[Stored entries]
* * * * * * * * *

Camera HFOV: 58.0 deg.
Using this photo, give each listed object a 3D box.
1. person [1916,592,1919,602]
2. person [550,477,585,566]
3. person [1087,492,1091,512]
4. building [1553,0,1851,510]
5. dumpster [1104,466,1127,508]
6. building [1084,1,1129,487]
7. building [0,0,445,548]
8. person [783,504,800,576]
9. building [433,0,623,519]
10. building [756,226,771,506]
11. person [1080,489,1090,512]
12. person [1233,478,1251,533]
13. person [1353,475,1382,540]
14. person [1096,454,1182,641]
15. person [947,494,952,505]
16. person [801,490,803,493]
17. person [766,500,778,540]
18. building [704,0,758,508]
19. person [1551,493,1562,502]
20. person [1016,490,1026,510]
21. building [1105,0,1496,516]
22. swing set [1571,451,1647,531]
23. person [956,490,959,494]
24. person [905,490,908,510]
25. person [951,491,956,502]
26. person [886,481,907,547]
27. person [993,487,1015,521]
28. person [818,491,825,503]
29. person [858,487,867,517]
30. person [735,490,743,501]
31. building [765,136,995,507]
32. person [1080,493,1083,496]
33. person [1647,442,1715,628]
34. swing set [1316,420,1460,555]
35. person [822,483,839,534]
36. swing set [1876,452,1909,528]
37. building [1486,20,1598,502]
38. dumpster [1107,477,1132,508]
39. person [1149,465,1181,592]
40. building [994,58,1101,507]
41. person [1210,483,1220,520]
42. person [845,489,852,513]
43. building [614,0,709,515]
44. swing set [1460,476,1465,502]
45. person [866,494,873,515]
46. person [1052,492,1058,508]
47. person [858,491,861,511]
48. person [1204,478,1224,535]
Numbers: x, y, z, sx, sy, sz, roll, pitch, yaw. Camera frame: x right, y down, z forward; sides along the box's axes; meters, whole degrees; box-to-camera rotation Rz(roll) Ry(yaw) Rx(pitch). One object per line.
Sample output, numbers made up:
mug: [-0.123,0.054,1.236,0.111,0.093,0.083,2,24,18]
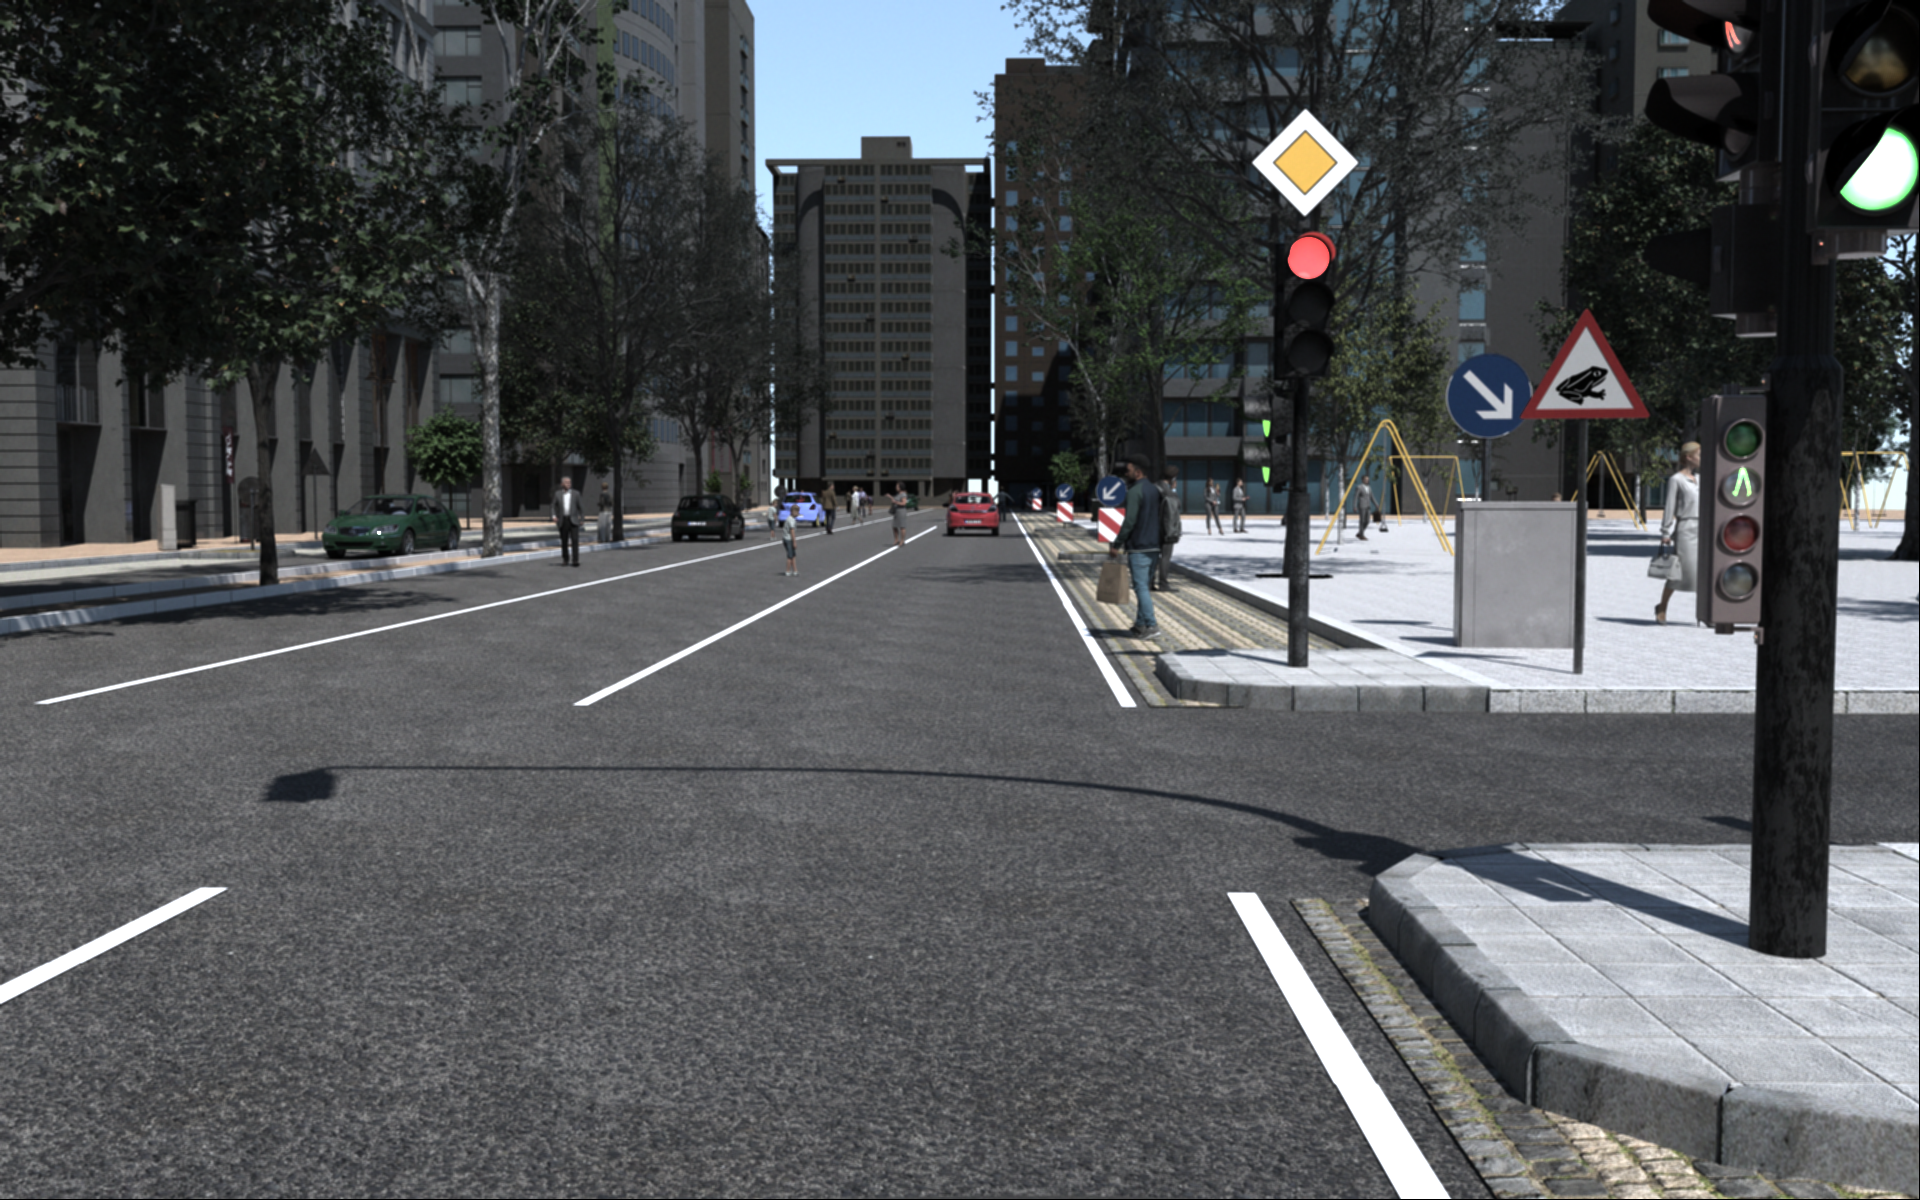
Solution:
person: [11.189,-0.825,19.553,0.620,1.820,0.660,0,4,0]
person: [-7.748,-1.551,34.263,0.661,1.777,0.834,-1,4,-19]
person: [9.293,-7.004,123.787,0.599,1.433,0.991,0,4,8]
building: [64.481,-32.108,148.670,21.600,48.544,21.300,0,4,1]
dumpster: [5.750,-3.627,61.800,1.502,2.255,1.985,0,4,2]
building: [21.898,-30.036,145.705,22.147,44.769,28.867,0,4,1]
building: [-26.747,-16.963,54.838,11.434,29.767,29.804,0,4,1]
person: [-2.951,-1.054,30.410,0.352,1.250,0.332,1,4,20]
building: [-27.291,-25.187,95.397,14.154,41.232,14.086,0,4,1]
building: [-27.732,-25.104,182.147,14.107,30.474,14.160,0,4,1]
person: [9.102,-7.302,125.370,0.705,1.831,1.348,2,4,32]
person: [9.316,-3.129,57.401,0.583,1.804,0.606,2,4,28]
person: [11.275,-2.570,48.190,0.709,1.813,0.853,-2,4,-35]
person: [1.740,-0.519,16.977,0.794,1.824,0.713,-2,4,-31]
person: [-0.798,-7.690,137.499,0.557,1.426,1.065,-1,4,-19]
person: [-13.001,-8.254,143.989,0.750,1.759,0.617,2,4,29]
person: [-5.854,-2.499,54.044,0.352,1.250,0.332,-1,4,-13]
building: [-29.676,-32.201,150.193,21.600,48.544,21.300,0,4,1]
person: [10.223,-1.195,29.837,0.306,1.304,0.590,0,4,-3]
person: [5.335,-8.570,148.694,0.705,1.814,1.350,3,5,40]
building: [21.907,-30.358,115.960,23.786,49.044,30.456,0,4,1]
swing set: [22.937,-3.931,61.892,2.862,2.851,3.119,1,4,16]
person: [-0.194,-7.028,124.080,0.551,1.740,0.621,-2,4,-24]
person: [-5.016,-9.245,159.744,0.705,1.812,1.348,-3,5,-39]
person: [-0.306,-5.920,106.765,0.593,1.643,0.415,3,5,44]
person: [-1.760,-2.349,47.265,0.532,1.782,0.716,-2,4,-30]
person: [2.198,-5.017,90.612,1.350,1.814,0.705,0,4,-5]
person: [-12.061,-8.814,153.122,1.217,1.766,0.721,-3,5,-39]
person: [-6.090,-5.998,106.434,0.709,1.838,0.599,1,4,9]
person: [-13.899,-6.098,109.021,0.721,1.723,1.217,1,4,12]
building: [-8.149,-30.512,190.749,23.993,40.220,32.217,0,4,1]
person: [10.353,-8.475,145.136,0.750,1.759,0.617,0,4,4]
person: [7.042,-0.632,16.734,0.694,1.780,0.624,-1,4,-13]
swing set: [9.281,-2.463,37.895,2.862,2.851,3.119,1,4,13]
person: [-4.632,-3.273,61.919,0.656,1.842,0.836,0,4,-1]
swing set: [33.885,-4.094,64.563,3.119,2.851,2.862,0,4,-7]
building: [46.737,-28.724,153.233,14.086,41.232,14.154,0,4,1]
dumpster: [5.665,-3.286,59.493,1.264,1.857,1.865,0,4,1]
person: [2.991,-1.039,25.293,0.447,1.846,0.655,-2,4,-31]
building: [10.737,-32.503,181.540,14.200,45.320,14.600,0,4,1]
person: [12.809,-4.951,86.968,0.580,1.828,0.573,-1,4,-21]
person: [-8.445,-7.549,131.937,0.705,1.823,1.348,-3,4,-37]
building: [-29.905,-35.111,116.061,21.231,58.520,28.212,0,4,1]
swing set: [19.037,-4.533,71.740,3.119,2.851,2.862,0,4,-5]
person: [-6.246,-6.572,119.179,0.421,1.427,0.697,2,4,35]
person: [8.658,-9.023,154.102,0.750,1.759,0.617,-2,4,-25]
person: [-8.766,-8.646,150.799,0.756,1.711,0.436,-1,4,-20]
person: [8.000,-2.952,54.584,0.520,1.790,0.573,-3,5,-45]

* * * * * * * * *

- [Prompt] Wherever "object" appears in a line of the entries, copy that line.

- [Solution]
Using this photo, give each listed object a 3D box.
Numbers: x, y, z, sx, sy, sz, roll, pitch, yaw. Camera frame: x right, y down, z forward; sides along the box's axes; meters, whole degrees; box-to-camera rotation Rz(roll) Ry(yaw) Rx(pitch). One object per line.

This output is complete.